╔══

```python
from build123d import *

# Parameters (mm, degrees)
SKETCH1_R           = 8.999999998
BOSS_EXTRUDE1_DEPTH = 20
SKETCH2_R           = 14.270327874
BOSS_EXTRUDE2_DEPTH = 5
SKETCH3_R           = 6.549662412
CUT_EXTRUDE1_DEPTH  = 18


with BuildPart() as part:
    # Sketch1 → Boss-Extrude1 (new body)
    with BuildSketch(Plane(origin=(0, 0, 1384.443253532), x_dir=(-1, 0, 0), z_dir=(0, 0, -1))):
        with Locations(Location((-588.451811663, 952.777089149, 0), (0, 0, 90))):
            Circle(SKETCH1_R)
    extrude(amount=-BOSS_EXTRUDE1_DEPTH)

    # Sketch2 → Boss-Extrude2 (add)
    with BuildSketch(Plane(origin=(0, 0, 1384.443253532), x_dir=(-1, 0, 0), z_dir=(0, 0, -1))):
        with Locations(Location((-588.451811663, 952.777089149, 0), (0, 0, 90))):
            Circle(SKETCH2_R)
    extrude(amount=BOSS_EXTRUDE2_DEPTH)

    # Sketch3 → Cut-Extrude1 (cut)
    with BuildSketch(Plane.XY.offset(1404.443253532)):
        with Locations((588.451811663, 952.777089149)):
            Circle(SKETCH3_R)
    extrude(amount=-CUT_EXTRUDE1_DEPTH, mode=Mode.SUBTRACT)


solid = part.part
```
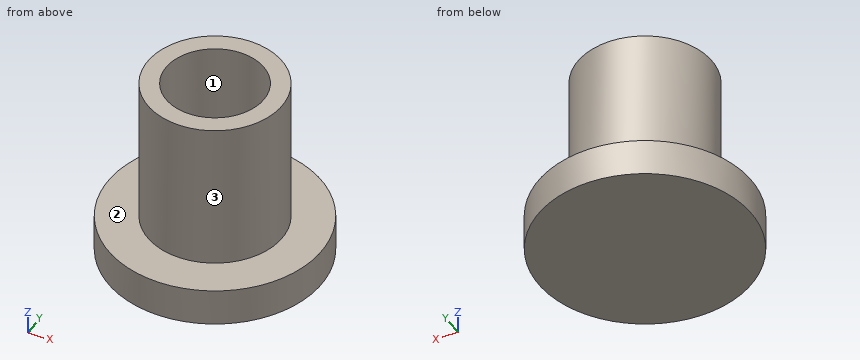
CAD build for the part. Positions are in the model's coordinates, mm. Face numbers are marked on the shaded views. Give positions to 0.01 mm unless a question says otherwise; leave off trailing zeros. Loops run counter-clockwise (first coordinate to the right, second up) from the corner with the lowest first, then second, coordinate; pieces in that order, holes last. Notation, with made-up numbers: M -9,50 L 3,50 A21 cw 3,62 Z; hole C -13.5,22.25 d11. An arc over 180 degrees is marked long. Use one line per item in the form item = value.
Item 1: Drill centre lines: probe 1 along Y at (x, z) = (588.75, 1392.75); probe 2 along X at (y, z) = (953, 1401.75); probe 3 along Z at (x, y) = (584, 962.5). Where is each one in solid material? Low to high. Write a range as from..to.
Determined:
probe_1 = 943.78..946.23, 959.32..961.77
probe_2 = 579.45..581.91, 595..597.45
probe_3 = 1379.44..1384.44
Item 2: Slice it at D-D (x = 590). List the corners of the cut face in (y, z).
Determined:
outline = M 938.59,1379.44 L 966.96,1379.44 L 966.96,1384.44 L 961.64,1384.44 L 961.64,1404.44 L 959.14,1404.44 L 959.14,1386.44 L 946.41,1386.44 L 946.41,1404.44 L 943.91,1404.44 L 943.91,1384.44 L 938.59,1384.44 Z
Item 3: Slice it at A-A (y = 960). List the corners of the cut face in (x, z).
Determined:
outline = M 576.14,1379.44 L 600.76,1379.44 L 600.76,1384.44 L 593.82,1384.44 L 593.82,1404.44 L 583.08,1404.44 L 583.08,1384.44 L 576.14,1384.44 Z
Item 4: Two-plate mould, pull along Y, no slides. Class the marked faces 1, 2 and 3: pulls with the +Y half, pulls with the -Y half, needs draft (parallel to the pull), parting line crosses it, or undercut.
Determined:
face_1 = undercut
face_2 = needs draft
face_3 = parting line crosses it
Item 5: Slice it at B-B (x = 580.25). List the corners of the cut face in (y, z).
Determined:
outline = M 941.1,1379.44 L 964.45,1379.44 L 964.45,1384.44 L 956.48,1384.44 L 956.48,1404.44 L 949.07,1404.44 L 949.07,1384.44 L 941.1,1384.44 Z
Item 6: Flat gauge pins, fed straight in: pin 1 (4 mm diameter, centred on x = 590.5, z = 1398.5, fed in from +Y); pin 2 (6.5 mm diameter, centred on x = 590, y = 955, fed in from +Z); pin 3 (17 mm diameter, centred on x = 588.45, y = 952.78, fed in from +Z); pin 4 (12 mm diameter, centred on x = 599, z = 1398.5, fed in from +Y). Where does each tip first touch, or does it go through?
Determined:
pin_1 = 961.78
pin_2 = 1386.44
pin_3 = 1404.44
pin_4 = 960.54
Item 7: Slice it at C-C (z = 1399.5). List the corners of the cut face in (x, y).
Determined:
outline = C 588.45,952.78 d18; hole C 588.45,952.78 d13.1

╚══

Report all lines in the listing above that contain the word "each".

Item 1: Drill centre lines: probe 1 along Y at (x, z) = (588.75, 1392.75); probe 2 along X at (y, z) = (953, 1401.75); probe 3 along Z at (x, y) = (584, 962.5). Where is each one in solid material? Low to high. Write a range as from..to.
Item 6: Flat gauge pins, fed straight in: pin 1 (4 mm diameter, centred on x = 590.5, z = 1398.5, fed in from +Y); pin 2 (6.5 mm diameter, centred on x = 590, y = 955, fed in from +Z); pin 3 (17 mm diameter, centred on x = 588.45, y = 952.78, fed in from +Z); pin 4 (12 mm diameter, centred on x = 599, z = 1398.5, fed in from +Y). Where does each tip first touch, or does it go through?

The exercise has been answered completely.